Relevant articles and documents

The pyridine ring of NAD is formed by a nonenzymatic pericyclic reaction

The biosynthesis of quinolinate 3, the precursor to the pyridine ring of NAD, is still poorly understood. Two pathways have been identified, one involving the direct formation of quinolinic acid from aspartate and dihydroxyacetone phosphate, the other requiring a five-step degradation of tryptophan. The final step in this degradation is catalyzed by the non-heme Fe(II)-dependent enzyme 3-hydroxyanthranilate-3,4-dioxygenase (HAD). This enzyme catalyzes the oxidative ring opening of 3-hydroxyanthranilate (1) to 2-amino-3-carboxymuconic semialdehyde (ACMS, 2) which then cyclizes to quinolinate (3). In this communication, we demonstrate the following: (1) cyclization of ACMS to 3 is not HAD catalyzed, (2) the most stable form of ACMS in solution is an all trans isomer which undergoes facile cis to trans isomerization about the C2-C3 and C4-C5 double bonds via transient formation of its enol tautomer (6), (3) a model study on the ring opening of N,N-dimethylcarbamoylpyridinium with hydroxide and methoxide suggests that the cyclization of ACMS occurs by an electrocyclization reaction of its enol tautomer 6. Thus, the biosynthesis of quinolinic acid, by the tryptophan pathway, is likely to be a member of a growing family of natural products whose biosynthesis involves a pericyclic reaction. Copyright

Method for preparing nitrogen-containing six-membered ring dicarboxylic acid

The invention relates to compound preparation, particularly to a method for preparing nitrogen-containing six-membered ring dicarboxylic acid from a benzo nitrogen-containing six-membered ring compound. According to the method, a raw material compound and a sodium chlorate aqueous solution are catalyzed under an acidic condition to obtain nitrogen-containing six-membered ring dicarboxylic acid, wherein the raw material is a nitrogen-containing six-membered heterocyclic benzocyclic compound. According to the invention, the catalyst of the reaction system is low in toxicity and low in cost, no new impurity is generated in the post-treatment step, and large-scale production is facilitated.
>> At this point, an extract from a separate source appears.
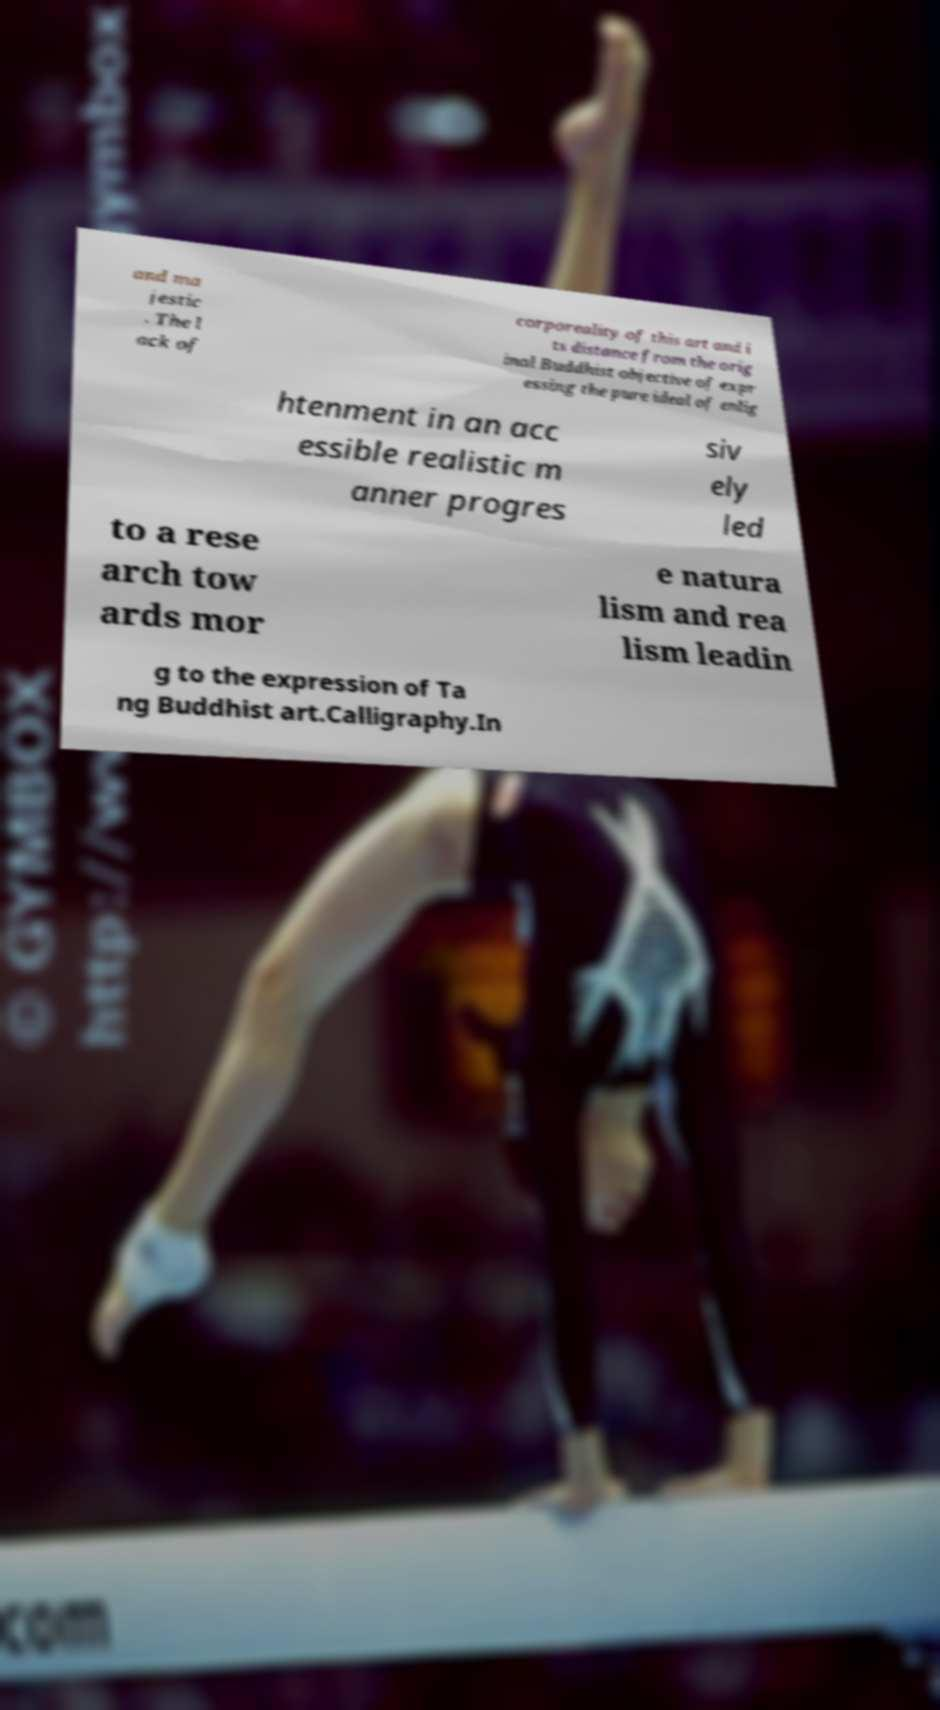For documentation purposes, I need the text within this image transcribed. Could you provide that? and ma jestic . The l ack of corporeality of this art and i ts distance from the orig inal Buddhist objective of expr essing the pure ideal of enlig htenment in an acc essible realistic m anner progres siv ely led to a rese arch tow ards mor e natura lism and rea lism leadin g to the expression of Ta ng Buddhist art.Calligraphy.In

A 2, 3 - pyridine dicarboxylic acid synthesis method

The invention discloses a 2, 3 - pyridine dicarboxylic acid synthesis method, CuSO4 · 5 H2 O, sulfuric acid, benzo pyridine sodium chlorate, to aldehyde benzoic acid methyl ester, pyrrole, H2 TCPP - OMe, MnCl2 · 6 H2 O as the main raw material, the synthesis process of the present invention benzo pyridine first NaClO in oxidation system3 - H2 SO4 - CuSO4 The catalyst under Mn - TCPP oxidation under the action of the open loop, after alkali hydrolysis, acidifying the resulting 2, 3 - pyridine dicarboxylic acid. For Mn - TCPP catalyst benzene ring and the double bond is connected to the electron-donative group, double bond can be increased on the electron cloud density, more easily reactant intermediate attack activation, therefore open-loop oxidation effect can be improved, so that the yield is obviously higher than the traditional potassium permanganate oxidation product yield.